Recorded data
----------
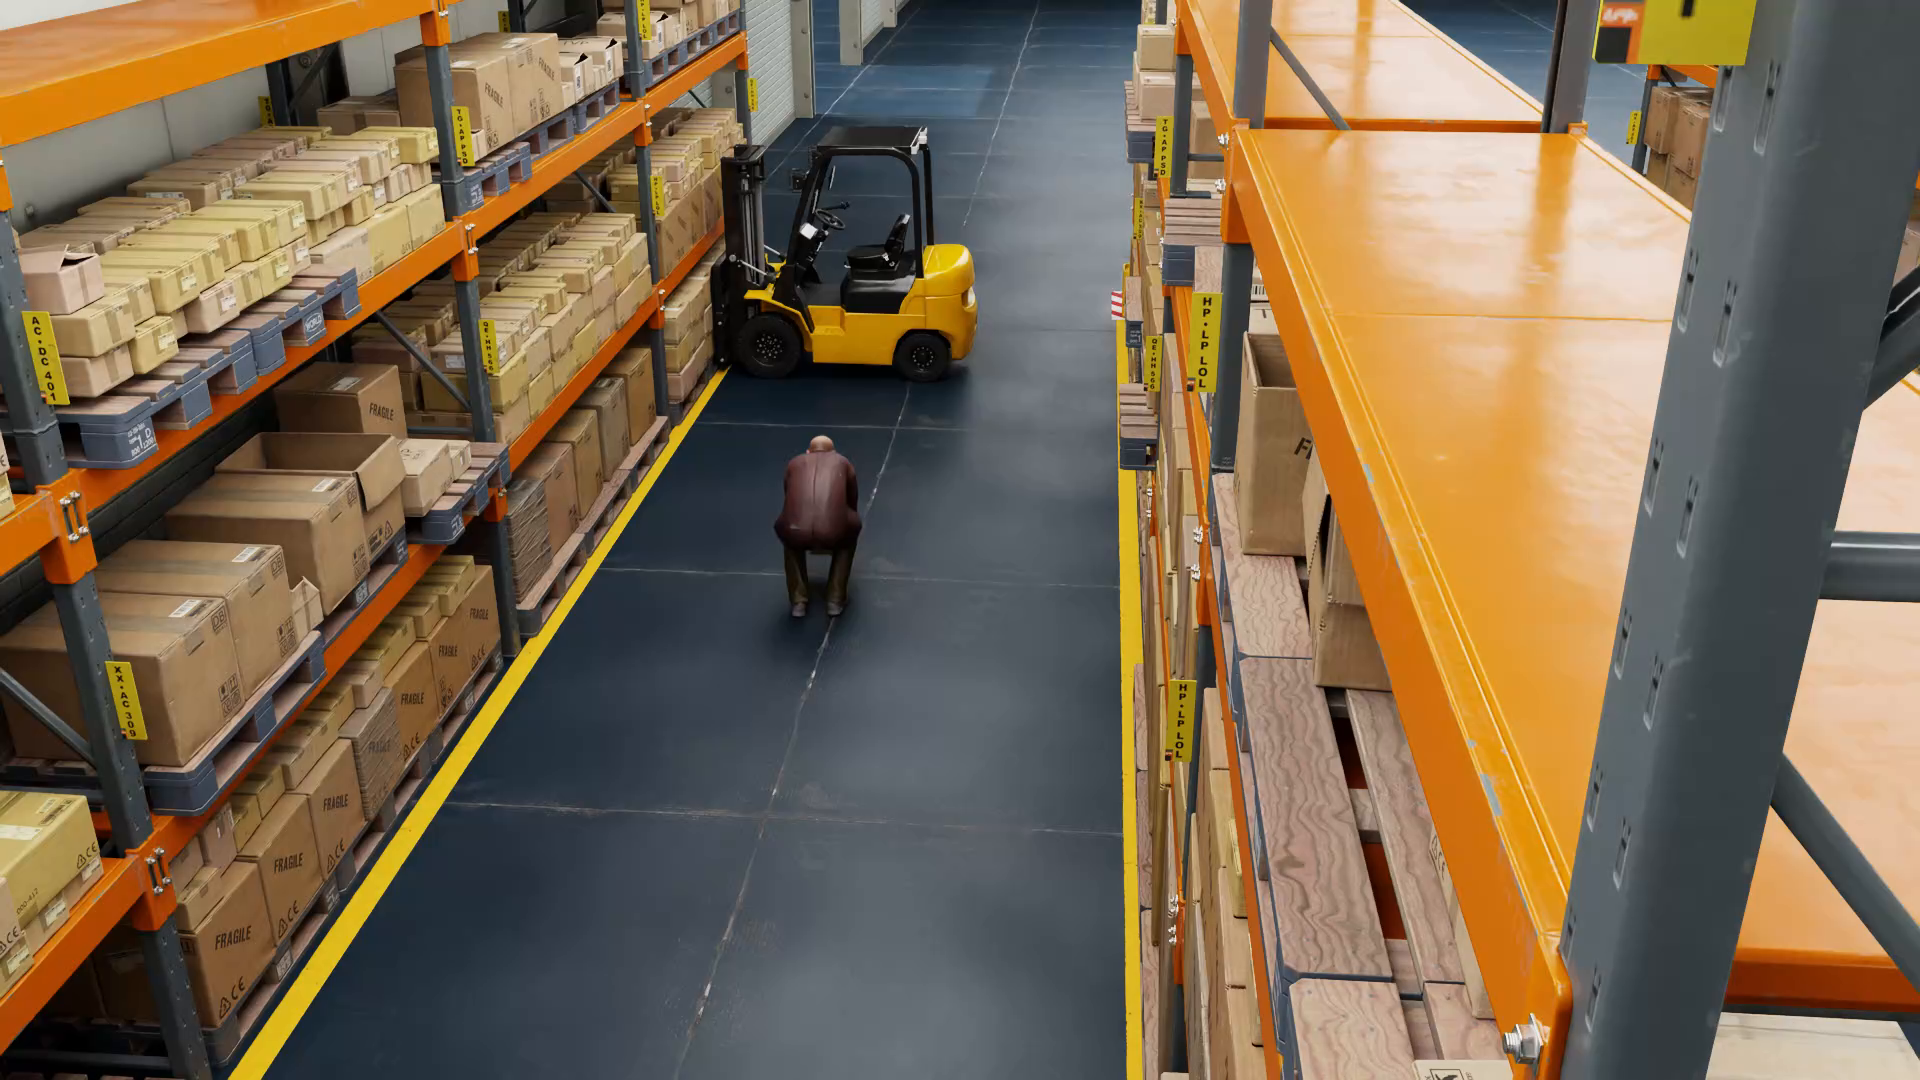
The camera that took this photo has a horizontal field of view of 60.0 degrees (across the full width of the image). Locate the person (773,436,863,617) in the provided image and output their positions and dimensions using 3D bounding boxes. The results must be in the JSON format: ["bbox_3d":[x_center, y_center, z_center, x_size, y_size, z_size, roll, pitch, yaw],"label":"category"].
[{"bbox_3d":[-0.935,-0.073,11.124,0.591,1.019,0.939,1,24,2],"label":"person"}]
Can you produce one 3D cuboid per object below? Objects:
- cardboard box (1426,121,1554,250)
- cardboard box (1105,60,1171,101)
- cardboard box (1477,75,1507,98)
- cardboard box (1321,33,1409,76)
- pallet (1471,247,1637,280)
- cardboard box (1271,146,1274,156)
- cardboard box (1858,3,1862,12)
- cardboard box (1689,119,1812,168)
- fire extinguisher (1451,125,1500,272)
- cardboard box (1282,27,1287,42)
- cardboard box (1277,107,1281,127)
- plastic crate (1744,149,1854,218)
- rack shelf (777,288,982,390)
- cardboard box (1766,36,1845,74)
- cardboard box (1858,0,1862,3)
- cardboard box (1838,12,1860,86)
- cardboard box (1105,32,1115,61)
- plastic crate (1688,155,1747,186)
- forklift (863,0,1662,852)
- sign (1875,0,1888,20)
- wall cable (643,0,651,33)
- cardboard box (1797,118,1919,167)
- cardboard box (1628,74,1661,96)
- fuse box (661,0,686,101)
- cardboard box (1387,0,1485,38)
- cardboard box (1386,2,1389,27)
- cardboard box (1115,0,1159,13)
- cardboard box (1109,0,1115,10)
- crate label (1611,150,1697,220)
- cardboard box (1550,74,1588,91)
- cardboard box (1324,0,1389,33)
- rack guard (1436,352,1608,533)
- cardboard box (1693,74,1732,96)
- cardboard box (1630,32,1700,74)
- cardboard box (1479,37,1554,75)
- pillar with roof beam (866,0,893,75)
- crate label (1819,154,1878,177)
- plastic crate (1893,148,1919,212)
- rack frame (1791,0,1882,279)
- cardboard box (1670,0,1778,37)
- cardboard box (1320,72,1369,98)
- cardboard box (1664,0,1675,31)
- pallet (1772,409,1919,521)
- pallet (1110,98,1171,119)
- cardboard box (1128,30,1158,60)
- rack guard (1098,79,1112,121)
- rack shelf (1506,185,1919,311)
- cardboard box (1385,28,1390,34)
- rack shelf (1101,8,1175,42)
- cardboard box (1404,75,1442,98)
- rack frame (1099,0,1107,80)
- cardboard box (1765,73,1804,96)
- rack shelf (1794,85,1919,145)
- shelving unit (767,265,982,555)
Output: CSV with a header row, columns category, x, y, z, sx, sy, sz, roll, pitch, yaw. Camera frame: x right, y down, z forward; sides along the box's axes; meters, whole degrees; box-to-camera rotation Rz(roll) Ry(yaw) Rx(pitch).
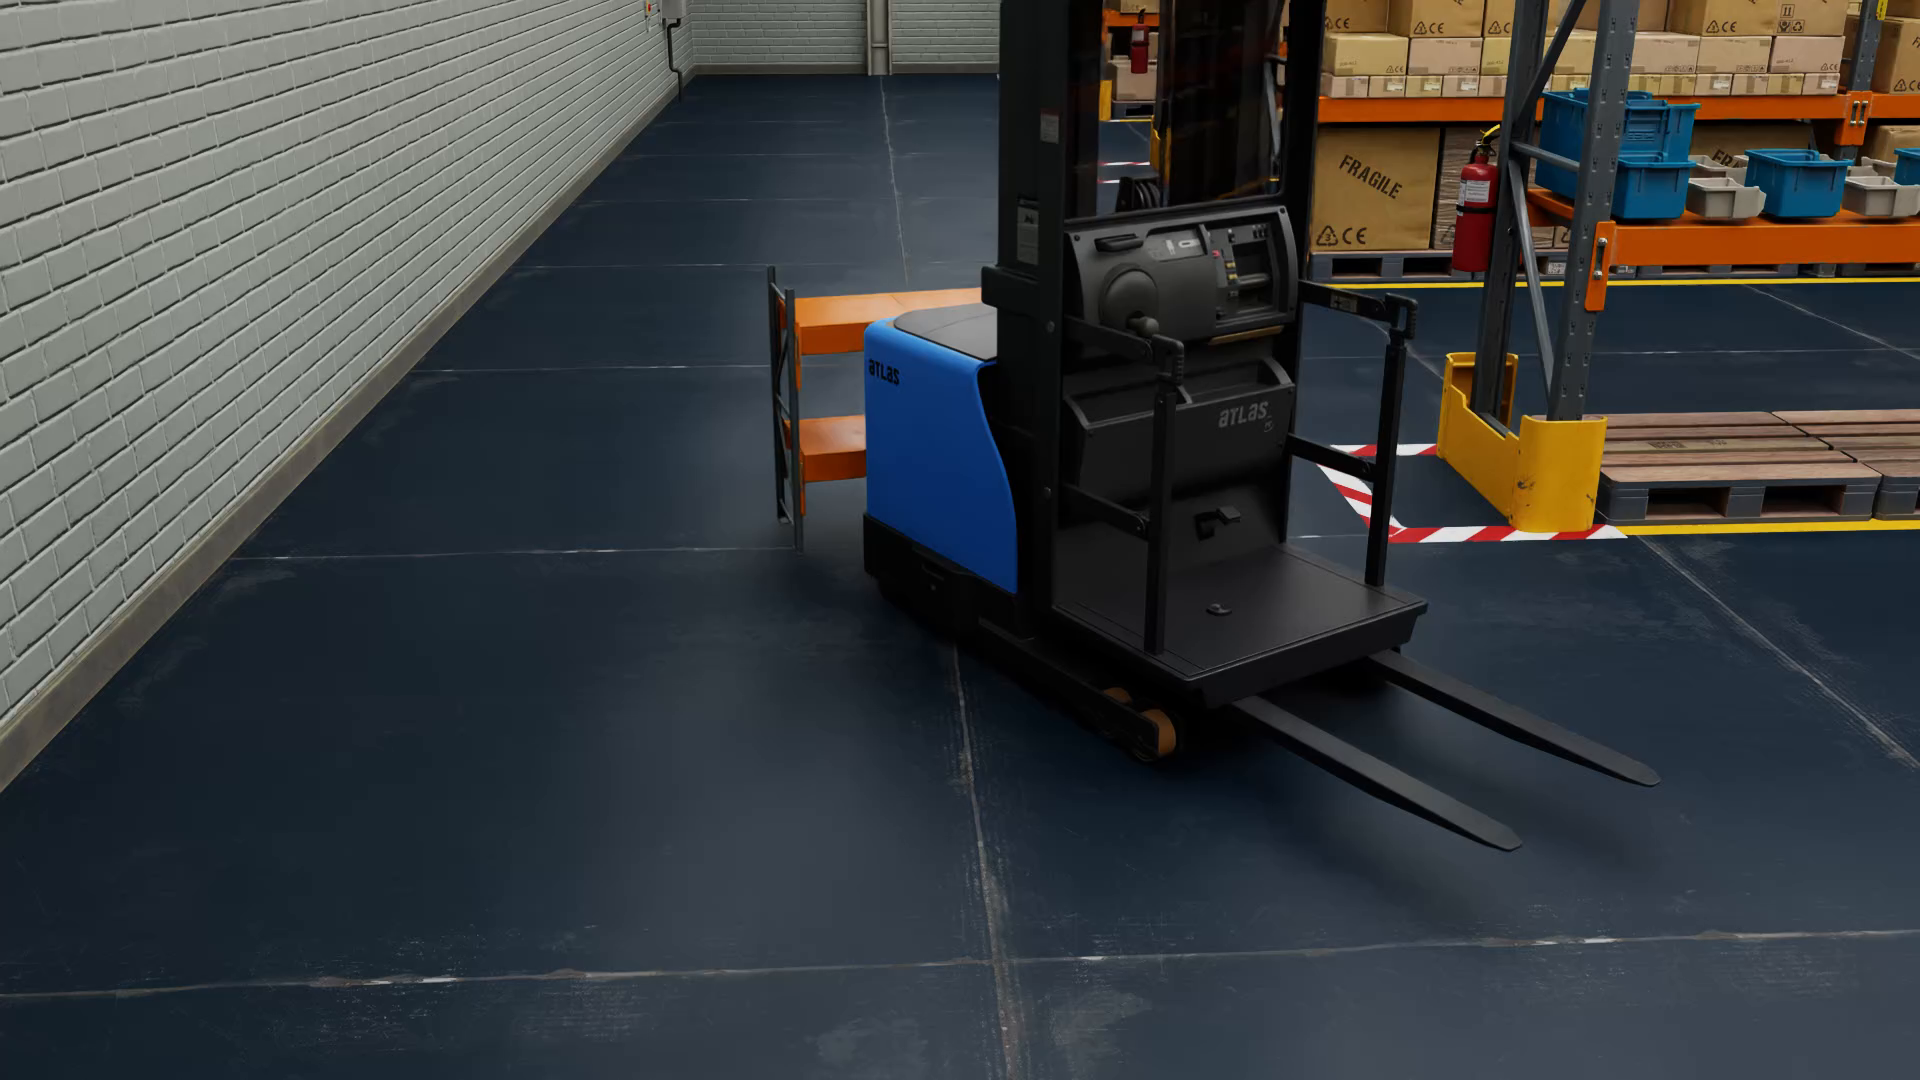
category,x,y,z,sx,sy,sz,roll,pitch,yaw
cardboard box,3.842,-2.670,12.314,0.875,0.875,0.875,-1,21,-3
cardboard box,2.387,-5.975,21.609,0.875,0.438,0.875,-2,21,-5
cardboard box,3.698,-3.201,11.665,0.250,0.149,0.380,-2,21,-4
cardboard box,2.794,-3.389,11.601,0.500,0.250,0.500,-2,21,-4
pallet,4.308,-2.171,12.527,1.213,0.211,1.003,-1,21,-3
cardboard box,3.163,-3.973,16.758,0.250,0.149,0.380,-1,21,-2
cardboard box,8.884,-5.225,16.392,0.250,0.149,0.380,-1,21,-4
cardboard box,5.629,-2.706,12.409,0.875,0.875,0.875,-1,21,-3
fire extinguisher,2.406,-1.595,7.728,0.183,0.674,0.296,-1,21,-3
cardboard box,3.234,-5.004,16.401,0.250,0.149,0.380,0,21,-1
cardboard box,3.187,-4.210,16.545,0.250,0.149,0.380,-1,21,-3
plastic crate,3.505,-1.498,6.992,0.300,0.233,0.416,-1,21,-3
rack shelf,-0.244,-0.870,7.002,1.000,0.278,0.538,-6,22,-14
cardboard box,5.867,-3.455,11.772,0.500,0.250,0.500,-2,21,-4
cardboard box,8.858,-5.362,16.334,0.250,0.149,0.380,-1,21,-3
cardboard box,6.744,-3.641,12.328,0.500,0.500,0.500,-1,21,-3
cardboard box,2.063,-7.699,26.044,0.637,0.503,0.797,-2,21,-5
plastic crate,3.386,-1.633,7.480,0.243,0.136,0.396,-1,21,-3
forklift,0.863,-0.860,5.260,1.130,2.935,3.031,-14,25,-32
sign,6.326,-3.732,11.381,0.005,0.325,0.100,-1,21,-3
wall cable,-3.895,-7.294,20.590,0.123,1.953,0.585,-1,21,-3
cardboard box,6.931,-2.711,12.423,0.875,0.875,1.225,-1,21,-3
cardboard box,4.724,-3.222,11.720,0.250,0.149,0.380,-1,21,-4
fuse box,-3.869,-6.951,22.974,0.414,1.711,0.539,-1,21,-3
cardboard box,3.293,-3.750,11.494,0.500,0.500,0.500,-2,21,-4
cardboard box,4.112,-5.305,16.281,0.500,0.500,0.500,-2,21,-4
cardboard box,2.229,-6.881,20.839,0.500,0.500,0.500,-1,21,-3
cardboard box,2.200,-7.078,21.354,0.500,0.500,0.500,-1,21,-3
crate label,2.847,-1.485,6.957,0.303,0.233,0.416,-1,21,-3
cardboard box,4.208,-3.211,11.692,0.250,0.149,0.380,-2,21,-4
cardboard box,2.771,-3.929,11.965,0.500,0.500,0.500,-1,21,-2
rack guard,2.559,-0.474,7.663,0.348,0.500,1.175,-1,21,-3
cardboard box,5.237,-3.232,11.748,0.250,0.149,0.380,-1,21,-2
cardboard box,4.841,-3.433,11.714,0.500,0.250,0.500,-1,21,-2
cardboard box,3.814,-3.411,11.658,0.500,0.250,0.500,-2,21,-5
pillar with roof beam,-1.051,-10.230,21.343,0.400,9.000,9.100,-1,21,-3
crate label,3.953,-1.648,7.520,0.243,0.136,0.396,-1,21,-3
plastic crate,4.162,-1.512,7.027,0.300,0.233,0.416,-1,21,-3
rack frame,6.293,-3.488,12.066,0.127,3.000,1.000,-1,21,-3
cardboard box,5.349,-3.794,11.610,0.500,0.500,0.500,-1,21,-2
cardboard box,2.673,-3.179,11.609,0.250,0.149,0.380,-1,21,-2
cardboard box,5.308,-3.981,12.101,0.500,0.500,0.500,-1,21,-3
pallet,4.623,-0.371,7.798,1.213,0.211,1.003,-1,21,-3
pallet,2.527,-5.668,21.711,1.213,0.211,1.003,-1,21,-3
cardboard box,2.918,-7.701,26.054,0.500,0.500,0.700,0,21,-1
rack guard,1.710,-5.758,21.543,0.348,0.500,1.175,-1,21,-3
rack shelf,4.579,-1.352,7.466,4.000,0.370,1.077,-1,21,-3
cardboard box,3.274,-3.590,12.127,0.500,0.250,0.500,-2,21,-4
rack shelf,3.730,-6.631,21.334,4.000,0.370,1.077,-1,21,-3
cardboard box,3.184,-3.190,11.638,0.250,0.149,0.380,-2,21,-4
rack frame,1.734,-6.927,21.099,0.127,3.000,1.000,-1,21,-3
cardboard box,5.750,-3.243,11.775,0.250,0.149,0.380,-1,21,-2
rack shelf,8.290,-3.192,12.301,4.000,0.370,1.077,-1,21,-3
shelving unit,-0.244,-0.596,7.106,1.048,1.125,0.538,-6,22,-14
----------
__Your instructions__.
From the records above, print exactly the lines that run from the line with "- cardboard box (1321,33,1409,76)" to the line with "- rack shelf (1101,8,1175,42)", inclusive.

__Answer below__.
- cardboard box (1321,33,1409,76)
- pallet (1471,247,1637,280)
- cardboard box (1271,146,1274,156)
- cardboard box (1858,3,1862,12)
- cardboard box (1689,119,1812,168)
- fire extinguisher (1451,125,1500,272)
- cardboard box (1282,27,1287,42)
- cardboard box (1277,107,1281,127)
- plastic crate (1744,149,1854,218)
- rack shelf (777,288,982,390)
- cardboard box (1766,36,1845,74)
- cardboard box (1858,0,1862,3)
- cardboard box (1838,12,1860,86)
- cardboard box (1105,32,1115,61)
- plastic crate (1688,155,1747,186)
- forklift (863,0,1662,852)
- sign (1875,0,1888,20)
- wall cable (643,0,651,33)
- cardboard box (1797,118,1919,167)
- cardboard box (1628,74,1661,96)
- fuse box (661,0,686,101)
- cardboard box (1387,0,1485,38)
- cardboard box (1386,2,1389,27)
- cardboard box (1115,0,1159,13)
- cardboard box (1109,0,1115,10)
- crate label (1611,150,1697,220)
- cardboard box (1550,74,1588,91)
- cardboard box (1324,0,1389,33)
- rack guard (1436,352,1608,533)
- cardboard box (1693,74,1732,96)
- cardboard box (1630,32,1700,74)
- cardboard box (1479,37,1554,75)
- pillar with roof beam (866,0,893,75)
- crate label (1819,154,1878,177)
- plastic crate (1893,148,1919,212)
- rack frame (1791,0,1882,279)
- cardboard box (1670,0,1778,37)
- cardboard box (1320,72,1369,98)
- cardboard box (1664,0,1675,31)
- pallet (1772,409,1919,521)
- pallet (1110,98,1171,119)
- cardboard box (1128,30,1158,60)
- rack guard (1098,79,1112,121)
- rack shelf (1506,185,1919,311)
- cardboard box (1385,28,1390,34)
- rack shelf (1101,8,1175,42)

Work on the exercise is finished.